De American Society of Anesthesiologists in 2003 aanbevolen klinische richtlijnen voor pulmonale arteriële catheterisatie ( PAC ) . Alle chirurgische patiënten met een hoog risico die hartchirurgie ondergaan , of bij patiënten met gevorderde cardiopulmonale aandoeningen , moet een PAC hartminuutvolume gaten te houden . Een katheter wordt geregen door een groot bloedvat in de rechterboezem via de rechter hartkamer in de longslagader , meestal onder echografie of fluoroscoop begeleiding. Kopen van 2
Suprasternal Doppler techniek maakt gebruik van een sonde heet een transducer met een gel aangebracht op het onderste nek boven het sleutelbeen hartminuutvolume te meten . Het meet snelheid van de bloedstroom in een schip genaamd de distale aortaboog boven het sleutelbeen . Het is beperkt omdat het geen permanente informatie , uitsluitend intermitterend informatie en kan niet worden gebruikt in de meest kritisch zieke medische en chirurgische patiënten daarom .
3
andere techniek is slokdarm Doppler cardiac output monitoring. De patiënt is verdoofd in deze procedure en een Doppler sonde zogenaamde transducer in de slokdarm ingebracht en neergelaten tot in de aorta descendens bereikt . De transducer meet bloedstroomsnelheid in de afdalende aorta en produceert hartdebiet metingen via een aangesloten monitor .
4
Bioimpedence hartbewaking gebruikt disposable elektroden aangebracht op de huid langs de zijkanten van de hals en aan de zijkant van de onderste borst . Continue kleine elektrische stroom wordt toegepast op de borst. Cardiac output wordt berekend voor elke hartcyclus en continu weergegeven op de monitor als een gemiddelde waarde over meerdere hartslagen.

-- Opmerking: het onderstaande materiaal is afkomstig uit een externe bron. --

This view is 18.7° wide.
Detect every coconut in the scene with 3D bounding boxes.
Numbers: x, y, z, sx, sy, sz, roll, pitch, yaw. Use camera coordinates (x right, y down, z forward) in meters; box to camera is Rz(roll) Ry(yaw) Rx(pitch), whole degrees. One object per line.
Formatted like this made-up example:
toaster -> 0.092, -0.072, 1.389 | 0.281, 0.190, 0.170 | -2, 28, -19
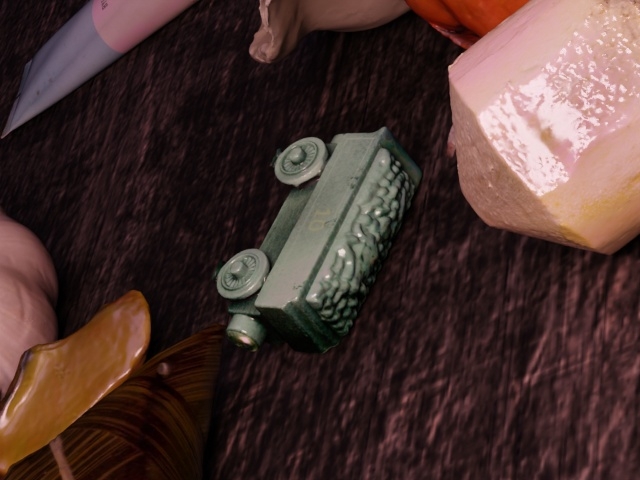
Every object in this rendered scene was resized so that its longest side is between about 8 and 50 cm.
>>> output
coconut -> 0.145, -0.066, 1.092 | 0.152, 0.147, 0.147 | -37, 30, 12

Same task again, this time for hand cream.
hand cream -> -0.184, -0.199, 1.780 | 0.312, 0.070, 0.111 | -34, 32, 36

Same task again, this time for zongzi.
zongzi -> -0.087, 0.159, 1.156 | 0.241, 0.111, 0.247 | -47, 34, -14

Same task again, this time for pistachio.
pistachio -> -0.178, 0.108, 1.386 | 0.173, 0.049, 0.089 | -46, 52, -2

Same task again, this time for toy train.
toy train -> 0.000, 0.000, 1.272 | 0.099, 0.070, 0.172 | 2, 55, 41

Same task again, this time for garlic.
garlic -> -0.264, 0.061, 1.480 | 0.142, 0.178, 0.229 | -4, 62, 9

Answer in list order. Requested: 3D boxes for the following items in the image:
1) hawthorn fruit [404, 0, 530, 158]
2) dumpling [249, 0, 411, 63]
hawthorn fruit -> 0.130, -0.192, 1.204 | 0.211, 0.211, 0.299 | 12, 78, 57
dumpling -> 0.028, -0.275, 1.347 | 0.395, 0.233, 0.315 | 111, 179, -45
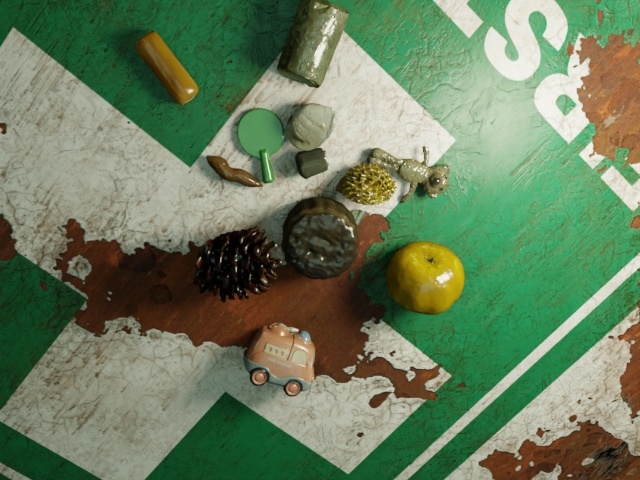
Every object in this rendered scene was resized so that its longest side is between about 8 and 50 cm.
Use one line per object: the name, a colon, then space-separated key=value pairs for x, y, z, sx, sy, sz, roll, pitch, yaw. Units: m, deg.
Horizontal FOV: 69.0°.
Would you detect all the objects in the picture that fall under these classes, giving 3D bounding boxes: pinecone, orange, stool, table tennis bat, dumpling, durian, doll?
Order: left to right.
pinecone: x=-0.276 y=0.085 z=1.599 sx=0.295 sy=0.298 sz=0.242 roll=-11 pitch=85 yaw=2
table tennis bat: x=-0.199 y=-0.326 z=1.613 sx=0.160 sy=0.039 sz=0.257 roll=-9 pitch=103 yaw=-1
dumpling: x=-0.030 y=-0.382 z=1.570 sx=0.176 sy=0.092 sz=0.150 roll=-11 pitch=101 yaw=0
stool: x=-0.029 y=-0.269 z=1.609 sx=0.110 sy=0.096 sz=0.096 roll=-18 pitch=108 yaw=-3
durian: x=0.160 y=-0.189 z=1.634 sx=0.182 sy=0.132 sz=0.165 roll=39 pitch=83 yaw=8
doll: x=0.320 y=-0.254 z=1.641 sx=0.202 sy=0.091 sz=0.286 roll=-43 pitch=99 yaw=6
orange: x=0.372 y=0.136 z=1.674 sx=0.278 sy=0.279 sz=0.235 roll=-1 pitch=137 yaw=-3

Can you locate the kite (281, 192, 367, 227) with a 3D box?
kite: x=0.022 y=-0.045 z=1.724 sx=0.322 sy=0.013 sz=0.268 roll=-12 pitch=108 yaw=3

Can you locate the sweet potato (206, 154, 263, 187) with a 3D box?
sweet potato: x=-0.303 y=-0.231 z=1.626 sx=0.218 sy=0.051 sz=0.065 roll=28 pitch=102 yaw=-11

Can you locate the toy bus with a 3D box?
toy bus: x=-0.144 y=0.439 z=1.788 sx=0.287 sy=0.194 sz=0.232 roll=19 pitch=93 yaw=-8

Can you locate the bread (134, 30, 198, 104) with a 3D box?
bread: x=-0.499 y=-0.556 z=1.502 sx=0.092 sy=0.074 sz=0.239 roll=-34 pitch=106 yaw=13

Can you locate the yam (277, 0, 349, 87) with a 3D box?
yam: x=-0.025 y=-0.627 z=1.465 sx=0.161 sy=0.161 sz=0.268 roll=21 pitch=108 yaw=-9

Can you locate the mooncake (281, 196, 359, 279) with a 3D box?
mooncake: x=0.000 y=0.000 z=1.648 sx=0.290 sy=0.161 sz=0.291 roll=0 pitch=109 yaw=1
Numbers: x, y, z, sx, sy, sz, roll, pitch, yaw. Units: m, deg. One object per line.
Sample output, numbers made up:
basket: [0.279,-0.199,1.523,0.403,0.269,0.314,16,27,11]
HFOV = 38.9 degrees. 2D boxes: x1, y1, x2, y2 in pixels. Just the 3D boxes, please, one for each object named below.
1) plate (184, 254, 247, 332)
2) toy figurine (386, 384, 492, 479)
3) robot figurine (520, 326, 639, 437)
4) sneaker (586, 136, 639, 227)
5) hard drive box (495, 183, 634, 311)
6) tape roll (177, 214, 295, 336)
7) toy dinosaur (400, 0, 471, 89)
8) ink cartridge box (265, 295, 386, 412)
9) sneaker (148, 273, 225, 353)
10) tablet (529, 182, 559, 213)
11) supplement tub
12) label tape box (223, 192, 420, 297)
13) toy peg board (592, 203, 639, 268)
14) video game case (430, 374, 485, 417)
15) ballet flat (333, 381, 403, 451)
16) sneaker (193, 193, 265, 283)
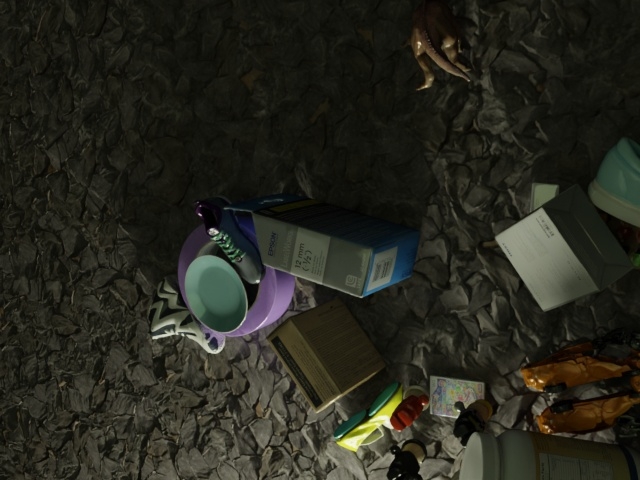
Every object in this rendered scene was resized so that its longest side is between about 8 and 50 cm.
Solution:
plate: [-0.234,0.120,2.067,0.188,0.024,0.188,13,113,32]
toy figurine: [0.249,0.422,1.898,0.209,0.148,0.213,6,107,21]
robot figurine: [0.547,0.279,1.748,0.291,0.085,0.211,-17,90,30]
sneaker: [0.653,-0.072,1.540,0.366,0.135,0.150,19,123,7]
hard drive box: [0.443,0.019,1.676,0.181,0.089,0.232,57,164,5]
tape roll: [-0.198,0.081,2.118,0.274,0.090,0.275,6,102,28]
toy dinosaur: [0.212,-0.422,1.736,0.127,0.296,0.200,-10,135,6]
ink cartridge box: [0.016,0.240,1.943,0.088,0.234,0.193,-41,78,27]
sneaker: [-0.340,0.215,2.216,0.235,0.094,0.153,46,118,14]
tablet: [0.442,-0.071,1.790,0.054,0.006,0.083,8,103,27]
supplement tub: [0.433,0.480,1.702,0.316,0.228,0.228,9,104,-2]
label tape box: [0.000,0.000,1.902,0.347,0.249,0.115,16,105,25]
toy peg board: [0.579,-0.022,1.682,0.161,0.079,0.161,7,102,27]
video game case: [0.293,0.337,1.938,0.122,0.011,0.087,4,100,28]
ballet flat: [0.125,0.397,2.013,0.077,0.077,0.231,41,120,-7]
sneaker: [-0.209,0.005,2.002,0.083,0.098,0.224,-36,80,28]
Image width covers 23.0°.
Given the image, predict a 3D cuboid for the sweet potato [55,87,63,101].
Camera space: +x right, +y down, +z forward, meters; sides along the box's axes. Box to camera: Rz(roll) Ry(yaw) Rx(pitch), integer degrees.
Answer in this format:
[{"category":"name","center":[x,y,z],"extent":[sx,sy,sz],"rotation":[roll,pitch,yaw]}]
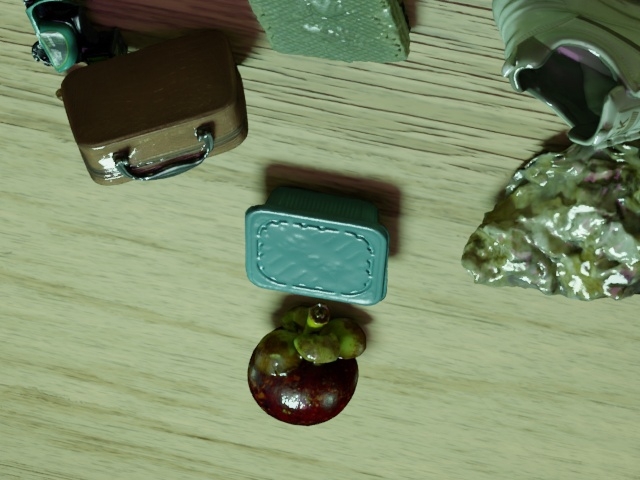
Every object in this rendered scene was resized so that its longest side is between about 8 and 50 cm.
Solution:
[{"category":"sweet potato","center":[-0.215,-0.138,1.833],"extent":[0.195,0.056,0.056],"rotation":[18,144,-12]}]

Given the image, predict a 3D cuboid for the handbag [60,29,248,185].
[{"category":"handbag","center":[-0.174,-0.140,1.698],"extent":[0.193,0.151,0.072],"rotation":[-17,139,-2]}]

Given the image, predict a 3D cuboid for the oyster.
[{"category":"oyster","center":[0.321,-0.008,1.763],"extent":[0.351,0.114,0.238],"rotation":[-10,137,29]}]

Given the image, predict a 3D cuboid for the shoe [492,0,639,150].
[{"category":"shoe","center":[0.305,-0.147,1.553],"extent":[0.316,0.159,0.124],"rotation":[24,142,-7]}]

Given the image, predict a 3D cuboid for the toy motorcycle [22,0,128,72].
[{"category":"toy motorcycle","center":[-0.279,-0.248,1.707],"extent":[0.100,0.058,0.173],"rotation":[-5,142,13]}]

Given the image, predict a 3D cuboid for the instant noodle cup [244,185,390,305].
[{"category":"instant noodle cup","center":[0.000,0.000,1.923],"extent":[0.179,0.070,0.157],"rotation":[10,142,7]}]

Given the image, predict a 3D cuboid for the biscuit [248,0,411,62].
[{"category":"biscuit","center":[0.004,-0.237,1.550],"extent":[0.150,0.052,0.252],"rotation":[7,166,11]}]

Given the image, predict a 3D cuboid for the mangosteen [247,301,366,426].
[{"category":"mangosteen","center":[-0.025,0.152,2.091],"extent":[0.146,0.156,0.181],"rotation":[15,121,44]}]
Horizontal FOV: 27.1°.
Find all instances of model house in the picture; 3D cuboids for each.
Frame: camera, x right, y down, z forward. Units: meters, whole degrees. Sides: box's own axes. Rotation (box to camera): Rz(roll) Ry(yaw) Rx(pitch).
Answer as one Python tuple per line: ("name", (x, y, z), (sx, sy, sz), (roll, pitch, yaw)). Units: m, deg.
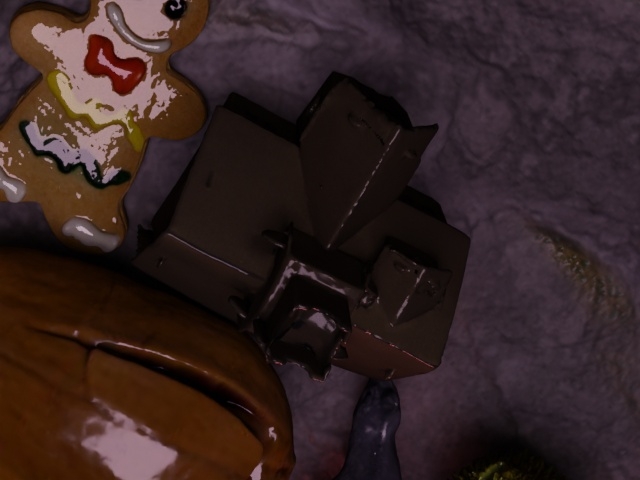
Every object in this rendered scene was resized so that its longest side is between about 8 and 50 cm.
("model house", (0.000, 0.000, 0.906), (0.211, 0.243, 0.204), (26, 108, -12))

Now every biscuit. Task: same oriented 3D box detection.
("biscuit", (-0.162, -0.108, 0.972), (0.158, 0.035, 0.240), (26, 108, -14))

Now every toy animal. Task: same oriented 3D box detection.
("toy animal", (0.010, 0.273, 1.048), (0.081, 0.206, 0.367), (14, 112, -39))

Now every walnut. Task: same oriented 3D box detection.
("walnut", (-0.179, 0.113, 0.973), (0.336, 0.209, 0.209), (28, 108, -1))

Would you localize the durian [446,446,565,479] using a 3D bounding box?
("durian", (0.158, 0.250, 1.055), (0.159, 0.198, 0.146), (40, 92, 26))

Deze methode is beperkt tot gezonde patiënten .
5
Gedeeltelijke kooldioxide rebreathing cardiac output controle wordt uitgevoerd op tracheale geïntubeerd ( buisje in de luchtwegen ) patiënten en meet koolstofdioxide ( Co2 ) als het wordt uitgeademd . Veranderingen in de uitgeademde CO2 gebruikt hartminuutvolume berekend door toepassing van een speciale vergelijking , bekend als Fick vergelijking . Deze techniek wordt klinisch gebruikt op korte termijn intra-operatieve patiënten of mechanisch geventileerde ( masker ) postoperatieve patiënten .
6
Met puls contour hartbewaking , een pad op de vinger geplaatst wordt en de metingen worden weergegeven op een computer monitoren . Deze methode maakt continue slag-op - slag controle en is vooral nuttig bij geventileerde ( masker ) patiënten . Deze monitor kan worden aangesloten op een katheter in een slagader .
7
cardiale catheterisatie ook hartdebiet te meten bij patiënten met bekende of vermoede hartkwaal . Een katheter wordt in een groot bloedvat en geschroefd in de coronaire circulatie hartminuutvolume te meten tijdens coronaire circulatie beoordeling .
8
Met centrale veneuze drukmeting wordt een katheter geplaatst in de bovenste vena cava , boven de rechter atrium via grote bloedvaten , hartminuutvolume volgen tijdens reanimatie .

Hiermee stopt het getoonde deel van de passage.